▸ **Provided records**
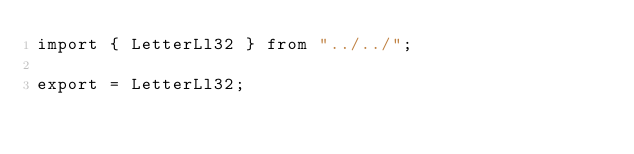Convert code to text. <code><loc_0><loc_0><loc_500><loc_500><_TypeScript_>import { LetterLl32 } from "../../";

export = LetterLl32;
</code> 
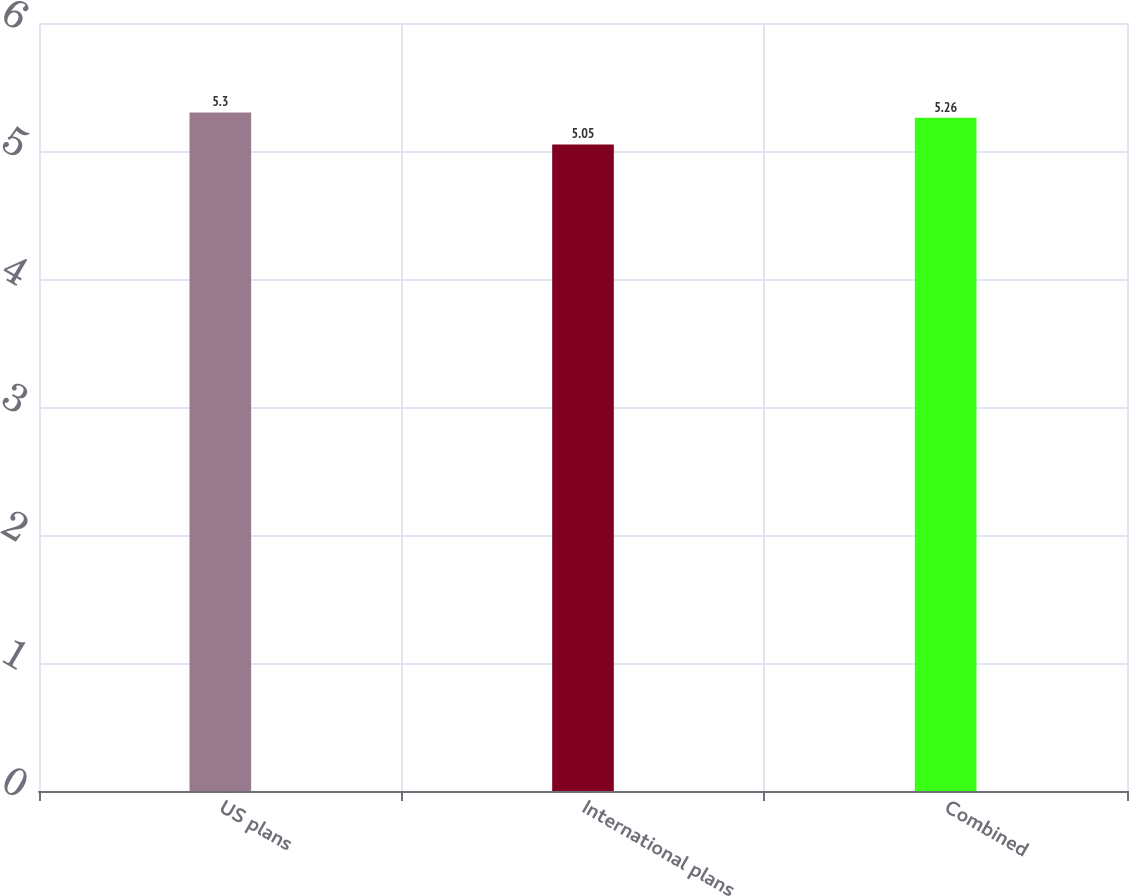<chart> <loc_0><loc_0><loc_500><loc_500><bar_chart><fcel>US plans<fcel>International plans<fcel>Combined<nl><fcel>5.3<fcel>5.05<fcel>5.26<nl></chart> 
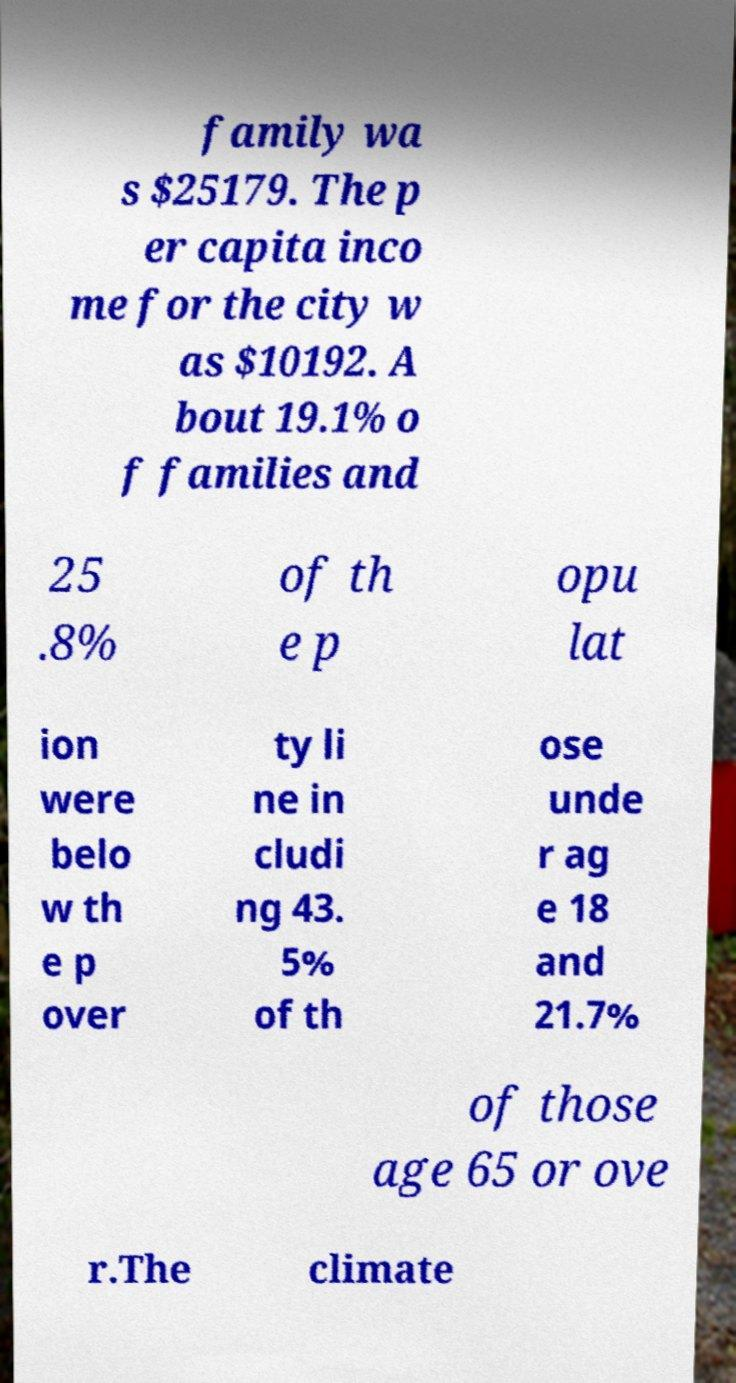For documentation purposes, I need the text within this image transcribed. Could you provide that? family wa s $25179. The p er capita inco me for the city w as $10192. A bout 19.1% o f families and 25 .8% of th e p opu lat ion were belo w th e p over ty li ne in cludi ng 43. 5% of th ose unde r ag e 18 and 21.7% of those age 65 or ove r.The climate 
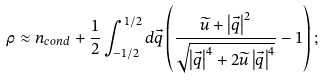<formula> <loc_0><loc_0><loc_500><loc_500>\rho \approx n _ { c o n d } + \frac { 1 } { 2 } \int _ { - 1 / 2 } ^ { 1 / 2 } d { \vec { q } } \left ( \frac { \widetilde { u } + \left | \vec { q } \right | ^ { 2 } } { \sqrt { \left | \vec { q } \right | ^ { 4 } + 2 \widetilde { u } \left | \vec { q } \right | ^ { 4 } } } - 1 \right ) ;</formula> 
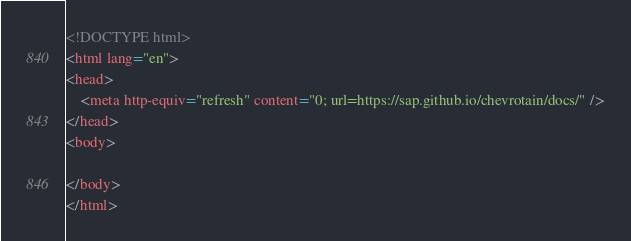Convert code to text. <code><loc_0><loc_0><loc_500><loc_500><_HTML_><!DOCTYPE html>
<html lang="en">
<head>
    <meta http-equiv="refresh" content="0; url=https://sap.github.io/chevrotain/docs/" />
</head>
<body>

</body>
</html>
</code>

...

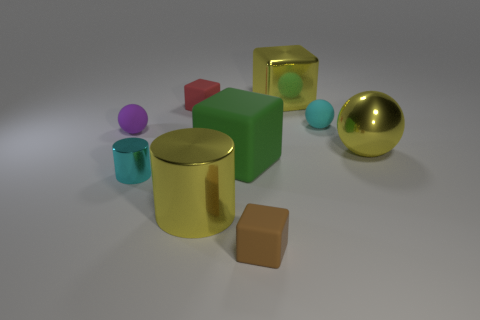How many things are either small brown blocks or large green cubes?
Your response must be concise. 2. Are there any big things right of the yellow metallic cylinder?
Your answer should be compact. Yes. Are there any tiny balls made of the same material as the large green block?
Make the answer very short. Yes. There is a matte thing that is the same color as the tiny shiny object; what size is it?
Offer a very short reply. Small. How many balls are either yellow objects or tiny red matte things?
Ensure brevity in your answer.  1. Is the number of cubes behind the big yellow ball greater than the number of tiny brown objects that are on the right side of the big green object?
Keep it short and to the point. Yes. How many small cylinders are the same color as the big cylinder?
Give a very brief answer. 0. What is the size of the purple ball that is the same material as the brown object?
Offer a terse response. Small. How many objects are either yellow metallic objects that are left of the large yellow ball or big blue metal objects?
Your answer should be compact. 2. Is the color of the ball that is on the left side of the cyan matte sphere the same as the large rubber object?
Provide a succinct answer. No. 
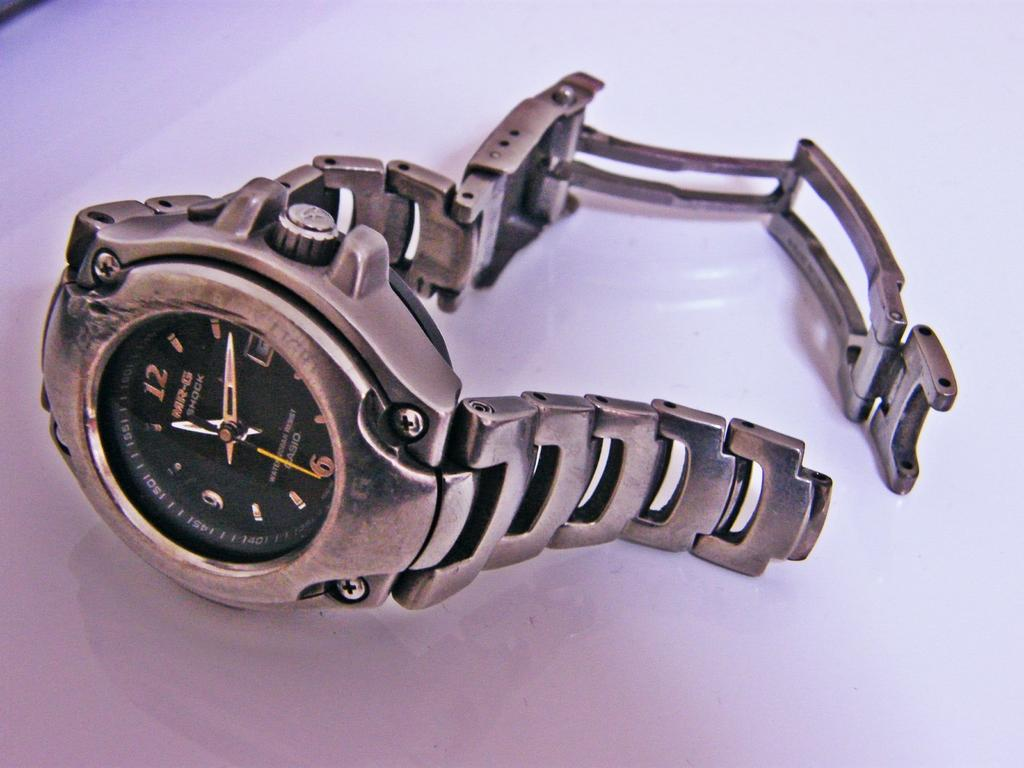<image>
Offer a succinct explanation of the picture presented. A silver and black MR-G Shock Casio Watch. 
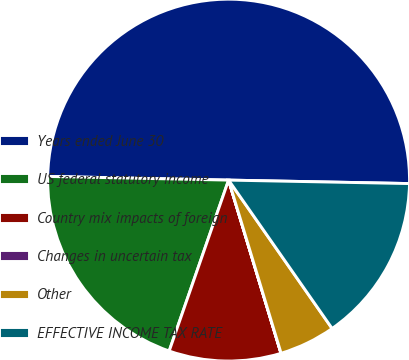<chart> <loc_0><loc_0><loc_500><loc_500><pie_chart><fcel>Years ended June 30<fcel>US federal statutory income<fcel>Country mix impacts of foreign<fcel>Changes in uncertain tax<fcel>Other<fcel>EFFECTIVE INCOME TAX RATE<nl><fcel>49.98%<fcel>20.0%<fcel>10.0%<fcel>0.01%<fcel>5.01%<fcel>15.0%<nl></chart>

▸ **Directions**
Determine how many lines of this listing have the word "objects" in them, and reply with that number alone.

▸ **Response**
3